Combinatoric question on preimage of a function Got stuck on the following combinatoric question. Will be glad for any suggestions.

Find the number of functions $f:\{1,2,3,4\} \rightarrow \{1,2,3,4\}$ so that for all $1\le i\le4$, $f^{-1}(\{i\})≠\{i\}$ .

(i.e. Find the number of these functions in which the pre-image of a subset with a single member is different from the set containing that member.)

Now, finding the number of injective functions that fulfill this is pretty easy (it's called the number of "derangements" of a set and is the number of injective functions with no fixed point, equal in this case to 9) but there are so many other possibilities that checking them all, seems to be too tedious.
For example a partly injective function such as $f(1)=2 ,\ f(2)=2, \ f(3)=1, \ f(4)=3$ fulfills the condition in spite of $2$ being a fixed point, since the pre-image of $2$ is $\{1,2\}$ which is different from $\{2\}$.
 A: If the function were injective or surjective, and thus bijective, you would indeed be talking about a specific class of permutations called derangements.  There are $!4$ such derangements.
Since you are not restricting yourself to injective or surjective functions, we can consider all $4^4$ possible functions here.  Since the numbers are so small, we can proceed directly by cases.

*

*No fixed points:  for each $i$ we have $3$ choices for $f(i)$ to be such that $f(i)\neq i$.  There are $3^4$ such functions here.

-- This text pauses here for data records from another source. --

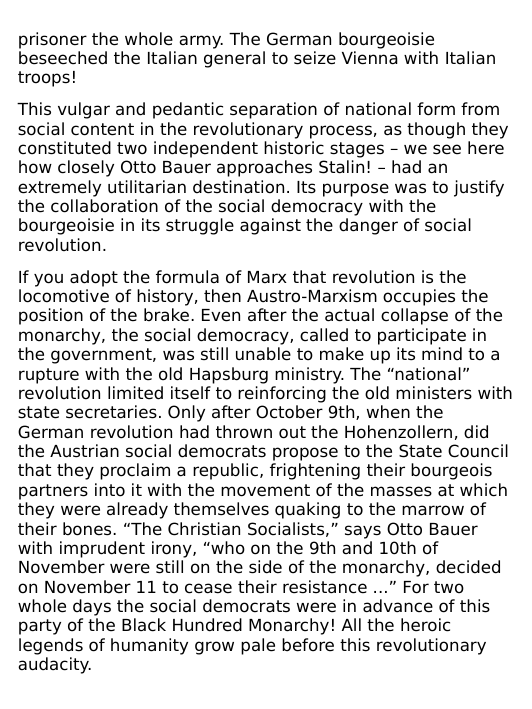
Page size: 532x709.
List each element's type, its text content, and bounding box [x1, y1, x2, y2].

text If you adopt the formula of Marx that revolution is the locomotive of history, then Austro-Marxism occupies the position of the brake. Even after the actual collapse of the monarchy, the social democracy, called to participate in the government, was still unable to make up its mind to a rupture with the old Hapsburg ministry. The “national” revolution limited itself to reinforcing the old ministers with state secretaries. Only after October 9th, when the German revolution had thrown out the Hohenzollern, did the Austrian social democrats propose to the State Council that they proclaim a republic, frightening their bourgeois partners into it with the movement of the masses at which they were already themselves quaking to the marrow of their bones. “The Christian Socialists,” says Otto Bauer with imprudent irony, “who on the 9th and 10th of November were still on the side of the monarchy, decided on November 11 to cease their resistance ...” For two whole days the social democrats were in advance of this party of the Black Hundred Monarchy! All the heroic legends of humanity grow pale before this revolutionary audacity. [18, 268, 514, 674]
text This vulgar and pedantic separation of national form from social content in the revolutionary process, as though they constituted two independent historic stages – we see here how closely Otto Bauer approaches Stalin! – had an extremely utilitarian destination. Its purpose was to justify the collaboration of the social democracy with the bourgeoisie in its struggle against the danger of social revolution. [18, 100, 514, 255]
text prisoner the whole army. The German bourgeoisie beseeched the Italian general to seize Vienna with Italian troops! [18, 29, 514, 88]
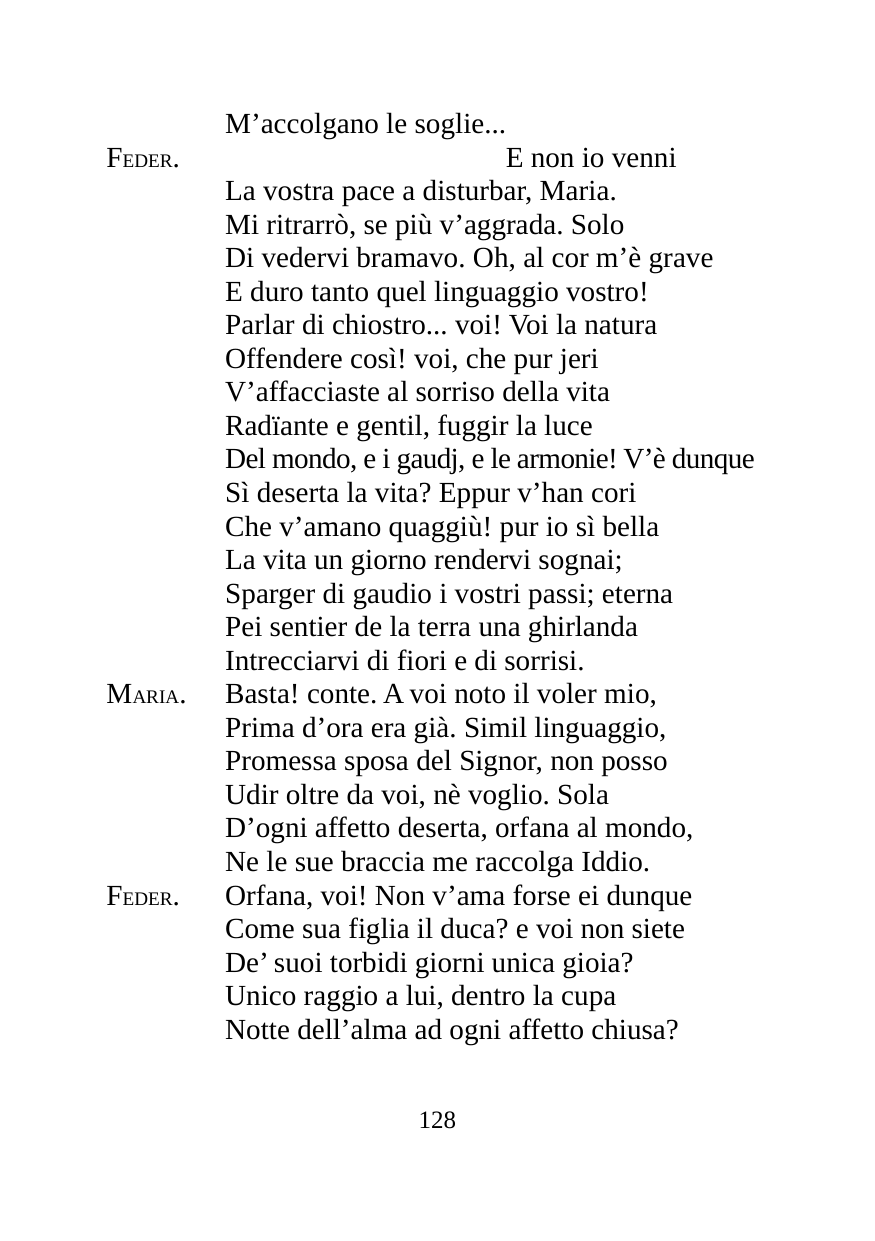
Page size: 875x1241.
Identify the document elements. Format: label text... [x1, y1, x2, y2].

table_cell [106, 106, 225, 140]
table_cell Feder. [106, 878, 225, 1045]
table_cell Maria. [106, 676, 225, 878]
table_cell Feder. [106, 140, 225, 676]
table_cell Basta! conte. A voi noto il voler mio, Prima d’ora era già. Simil linguaggio, Promessa sposa del Signor, non posso Udir oltre da voi, nè voglio. Sola D’ogni affetto deserta, orfana al mondo, Ne le sue braccia me raccolga Iddio. [225, 676, 769, 878]
table_cell E non io venni La vostra pace a disturbar, Maria. Mi ritrarrò, se più v’aggrada. Solo Di vedervi bramavo. Oh, al cor m’è grave E duro tanto quel linguaggio vostro! Parlar di chiostro... voi! Voi la natura Offendere così! voi, che pur jeri V’affacciaste al sorriso della vita Radïante e gentil, fuggir la luce Del mondo, e i gaudj, e le armonie! V’è dunque Sì deserta la vita? Eppur v’han cori Che v’amano quaggiù! pur io sì bella La vita un giorno rendervi sognai; Sparger di gaudio i vostri passi; eterna Pei sentier de la terra una ghirlanda Intrecciarvi di fiori e di sorrisi. [225, 140, 769, 676]
table_cell Orfana, voi! Non v’ama forse ei dunque Come sua figlia il duca? e voi non siete De’ suoi torbidi giorni unica gioia? Unico raggio a lui, dentro la cupa Notte dell’alma ad ogni affetto chiusa? [225, 878, 769, 1045]
table_cell M’accolgano le soglie... [225, 106, 769, 140]

*Exactly one fixed point: Pick which one value was fixed.  From there, in order to prevent the preimage of that point being exactly that point alone, it must be the case that for each of the other points we did not avoid mapping to it.  There are $3^3$ functions with only $1$ as a fixed point, $2^3$ of which did not map any other elements to $1$ as well, making the total number of functions with exactly one fixed point $4\cdot (3^3-2^3)$


*Exactly two fixed points: Pick which two values were fixed.  Due to the small number of available elements, we note that it must be the case that each of the two remaining elements are mapped one each to the chosen values.  There are $\binom{4}{2}\cdot 2$ such functions.
This gives a total of $$3^4+4\cdot (3^3-2^3)+\binom{4}{2}\cdot 2$$
I do not as of yet see a convenient way to approach the general problem were we to consider $\{1,2,3,\dots,n\}$ in place of merely $\{1,2,3,4\}$ as our set in question
A: You can use the inclusion-exclusion principle. Let $A_i$ denote the set of functions $f:\{1,..,n\}\to \{1,...,n\}$ s.t. $f^{-1} (i) \neq \{i\}$. Then what you are interested in is $$ | \bigcap_i A_i |= n^n - | \bigcup_i A_i^c |. $$
According to the InEx principle
$$ |\bigcup_i A_i^c | = \sum_{k=1}^n (-1)^{k-1} S_k, $$
where
$$ S_k = \sum_{ i_1<\ldots < i_k} | \bigcap_{j=1}^k A_{i_j}^c| .$$
The set $ A_i^c$ consists of fcts satisfying $f^{-1} (i) = \{i \}$. Now for fixed $i_1<...<i_k$ $$ |\bigcap_j A_{i_j}^c| = (n-k)^{n-k} ,$$
hence $$|\bigcap_i A_i | = \sum_{k=0}^n (-1)^k  \binom{n}{k} (n-k)^{n-k} .$$
The last term of the sum ($k=n$) is actually just 1, since it corresponds to the identity fct.